Sep 11 2015

Reflections of 9-11: A Journey From Hate to Hope


image source: http://theinspirationroom.com/daily/2011/911-reflection/ (modified by RO)

By: Adam Bates
M4L Guest Contributor
September 11, 2015

“Never Forget, Never Again.”

14 years ago I was sitting in my classroom in Oklahoma watching the coverage. We had been told (in typical public school fashion) that a plane had crashed in NYC, but that we were to continue classes and not turn on the TVs. My science teacher ignored the command, and rigged a TV antenna out of a paper clip and a hanger so we could watch.

When it became clear what had happened, I immediately hated these people, the rest of the followers of the heathen religion they claimed, and whatever part of the world spawned them. I wished sincerely for a meteor to hit those animals out celebrating in the streets. Those dead Americans could have been my family, my friends. They were my countrymen, and that was damn near the same thing. Watching George W. Bush straddle the rubble and declare a jihad of his own filled me with so much pride and adrenaline I think I cried.

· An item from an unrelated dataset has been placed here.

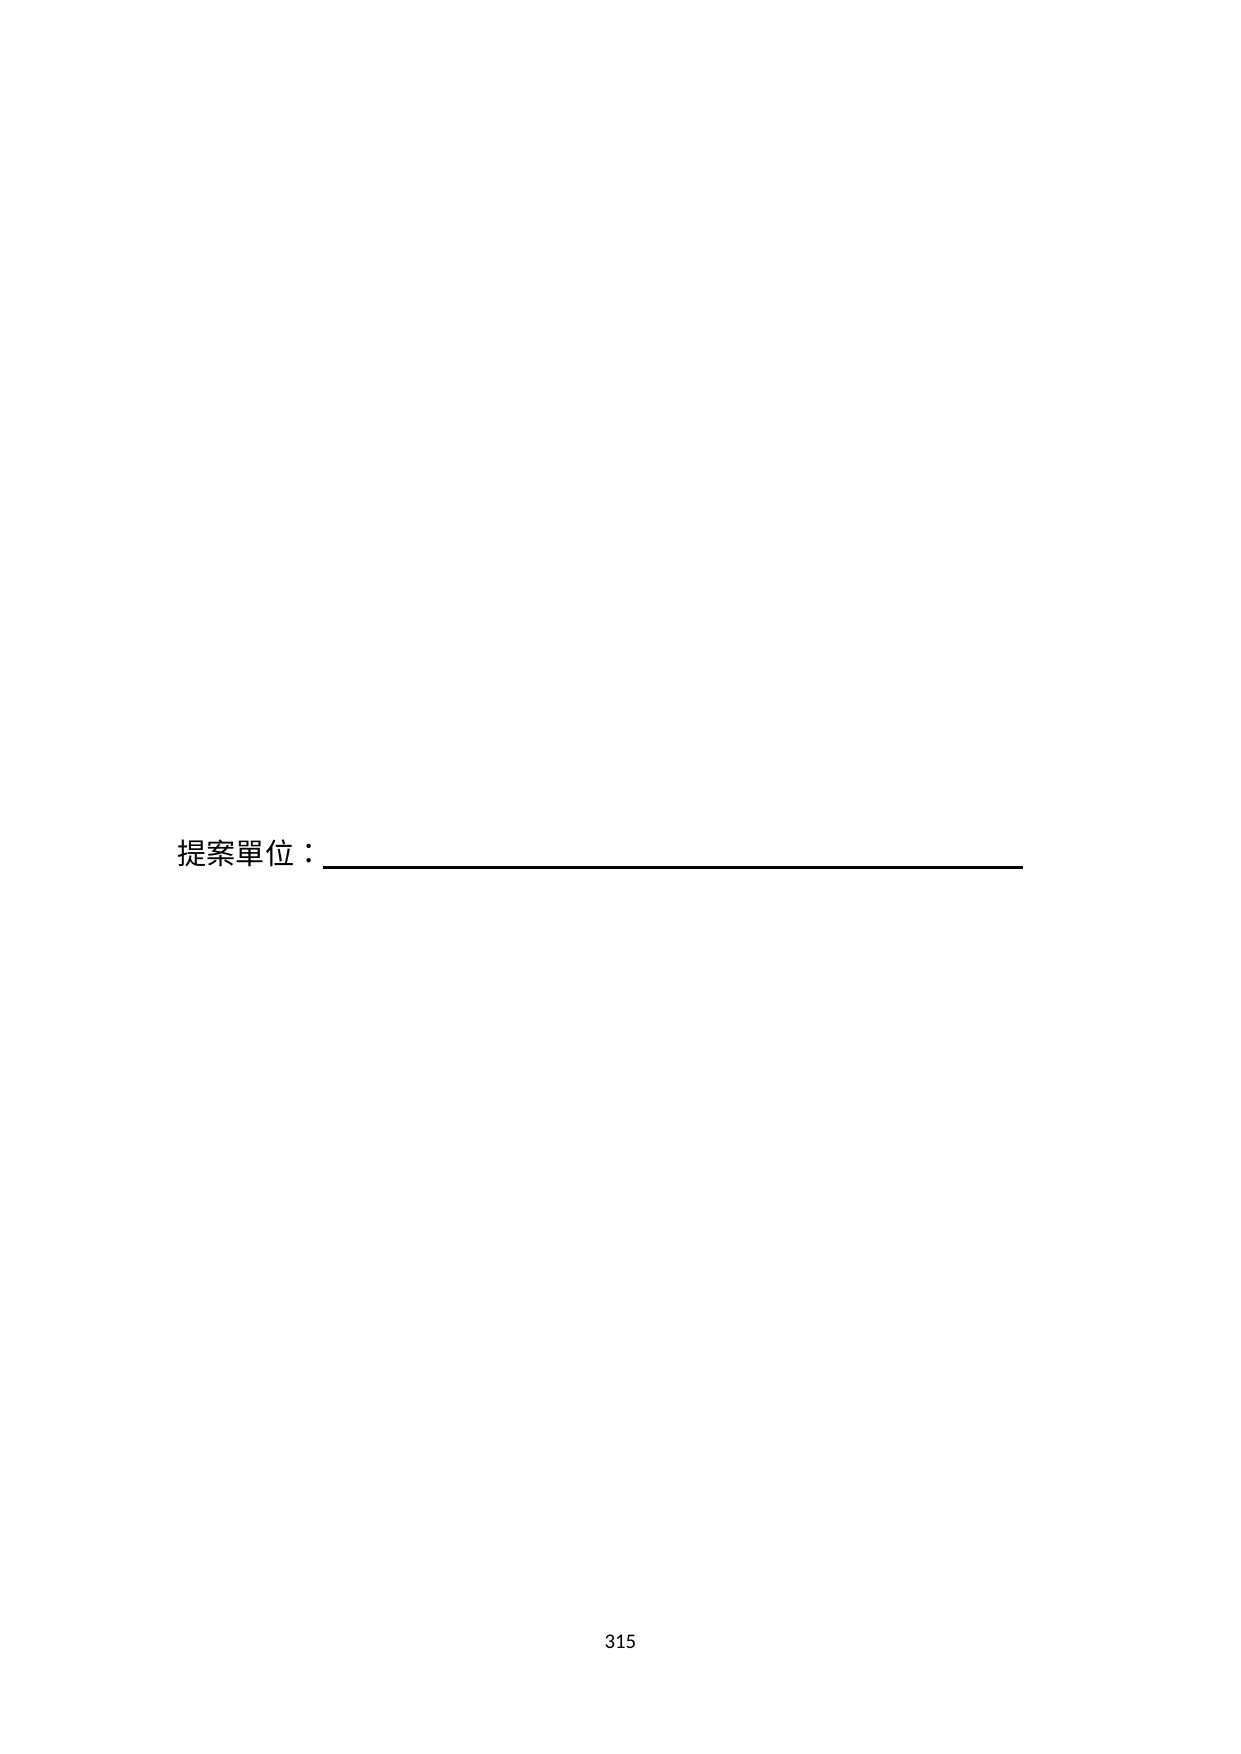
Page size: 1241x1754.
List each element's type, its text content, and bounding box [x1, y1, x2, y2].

text 提案單位： [177, 831, 1063, 872]

I maintained that hate for the next several years, knowing in my heart and soul that my country was hated and attacked for standing up for freedom. I cheered the passage of the PATRIOT Act and called dissenters traitors, whiny liberals, and terrorist sympathizers. I supported Gitmo. I insisted that waterboarding wasn’t torture and that, even if it was, it was acceptable in the name of national security (I suspect there’s still evidence of this online if you look hard enough, and I know, shamefully, that there are people reading this who can vouch for it).
I watched the invasions of Afghanistan and Iraq as if they were the coolest things in the world. I spent summer 2002 at the Naval Academy (only a recruiting visit to Miami eventually convinced me I didn’t want to go to Annapolis), planned to become a Marine, and decided I wanted to study Arabic to help Uncle Sam destroy our enemies.
Then I left Oklahoma for college in Miami. Through my Arabic and regional studies classes I met Muslims for the first time in my life (many of whom I remain friends with today), and it got harder and harder for my preconceptions to hold. I kept waiting for their innate hatred of me as an American and of freedom generally to reveal itself. Still waiting. I needed only the slightest modicum of proof to confirm once and for all that al-Qaeda wasn’t “radical,” just Muslim. Still waiting for that too.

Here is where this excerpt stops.